Bússola das empresas portuguesas deve apontar a norte
O ECO questionou empresários sobre a importância das exportações e da internacionalização. O mercado africano e latino é para manter, mas a aposta deve ter como alvo o hemisfério norte.
As empresas portuguesas podem competir com as melhores do mundo e nesse sentido devem apontar baterias em termos de internacionalização, a países mais organizados, mais modernos e sofisticados como os do Hemisfério Norte. A opinião é partilhada por cinco empresários consultados pelo ECO de setores tão diferentes como a energia, o calçado, o alimentar, papel e farmacêutico. Da petrolífera Galp à fruta da Frulact, passando pela farmacêutica Bial, a Fapajal e Kyaia, há consenso nas palavras que Portugal deve utilizar: internacionalização, diferenciação e exportação. Se o mercado português é pequeno, a única forma das empresas crescerem para lá do tamanho do país é lá fora.
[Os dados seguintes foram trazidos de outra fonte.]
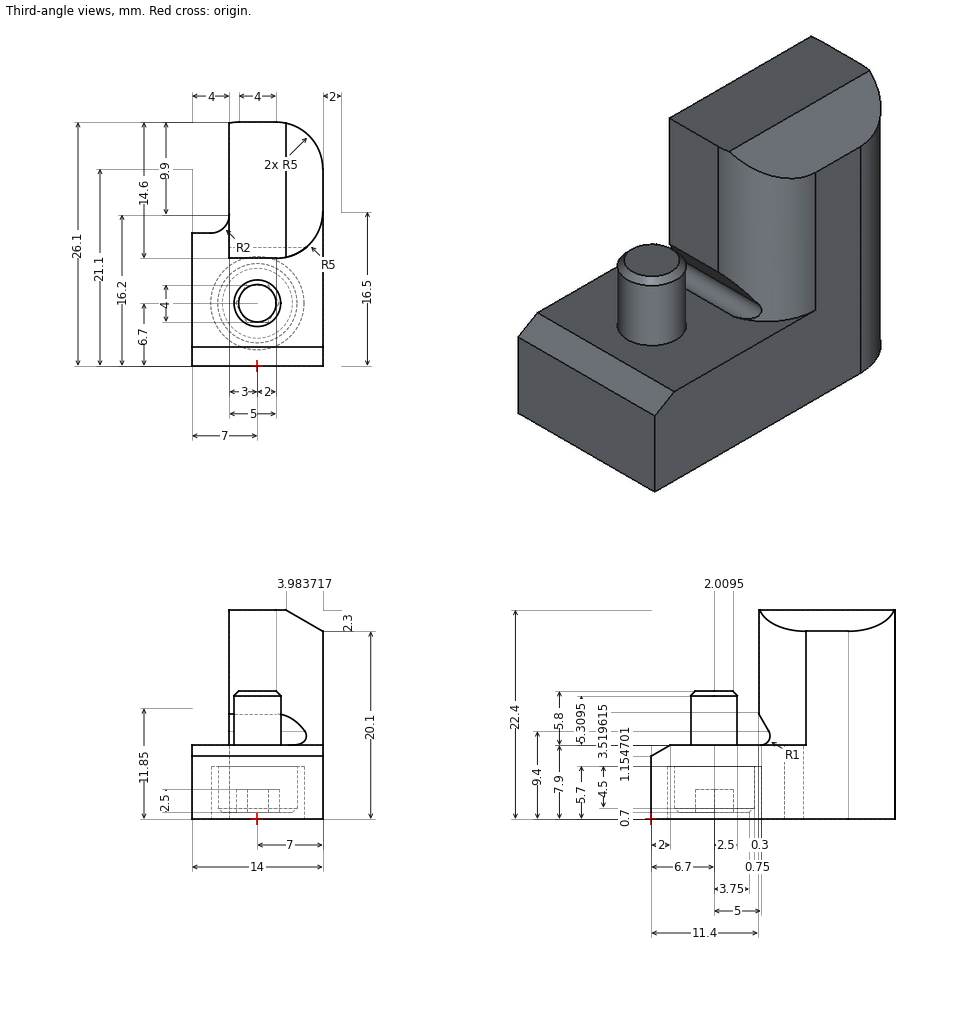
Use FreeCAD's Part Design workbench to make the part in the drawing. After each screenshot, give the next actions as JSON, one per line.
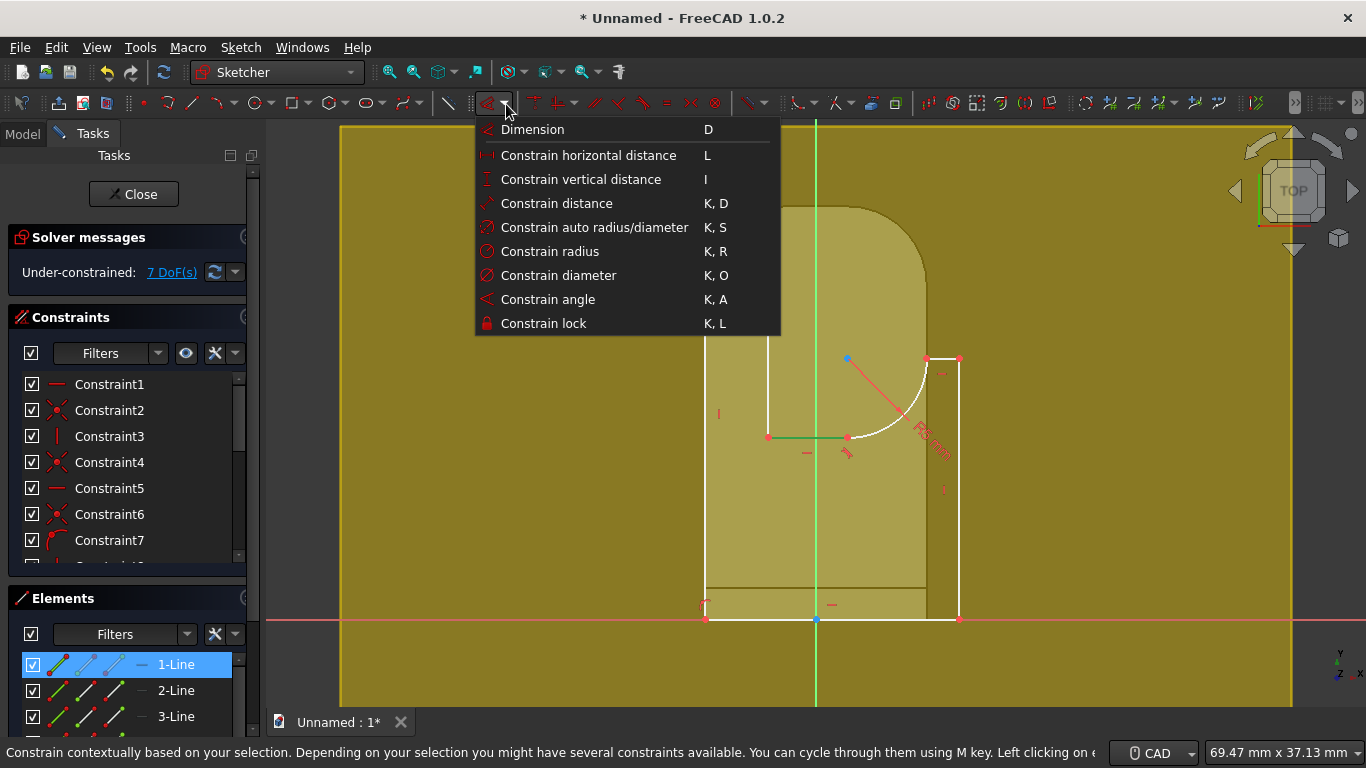
{"action": "left_click", "coordinate": [628, 155]}

“O nosso mercado não tem escala para tanta economia”, garante Gomes da Silva, presidente executivo da Galp Energia, em declarações ao ECO. “É necessário que se venha a fazer uma transformação como fizeram os setores do calçado e do têxtil”, aconselha, referindo que “a economia tem que se reinventar, exportar é bom, alavanca a economia, gera emprego, cria riqueza, é um ciclo“. Esse ciclo passará não só pelos países em que as empresas portuguesas já estão — como o mercado africano e latino –, mas também em países mais sofisticados como os da Europa do Norte.
O nosso mercado não tem escala para tanta economia.
Apesar de haver consenso na aposta que deve ser feita, a estratégia a utilizar e os locais de implementação nem sempre são consensuais. Além disso, acresce o dilema entre exportar ou ter uma sede internacional, o que, em última análise, não beneficia tanto quanto podia as contas nacionais. Esta é uma questão fiscal, mas também de know how das empresas, dos contactos que têm ou da facilidade em penetrar em certo mercado. O maior de todos continua a ser o dos Estados Unidos, tal como se verifica nas estatísticas sobre o comércio internacional da União Europeia em 2016.
“Hoje em dia não faz sentido ter um produto diferenciado, ser uma grande empresa e não estar nos Estados Unidos”, argumenta o presidente da Bial, Luís Portela, em declarações ao ECO. Nem o efeito Trump — que tem pressionado empresas a ficar dentro do território — parece demover o empresário: “Não me preocupa nada o efeito Trump. O que a administração americana faz é defender a economia americana”, argumenta, referindo que, lamentando que em certos aspetos a “Europa não se tenha também protegido de alguma forma com quem fazia concorrência desleal”.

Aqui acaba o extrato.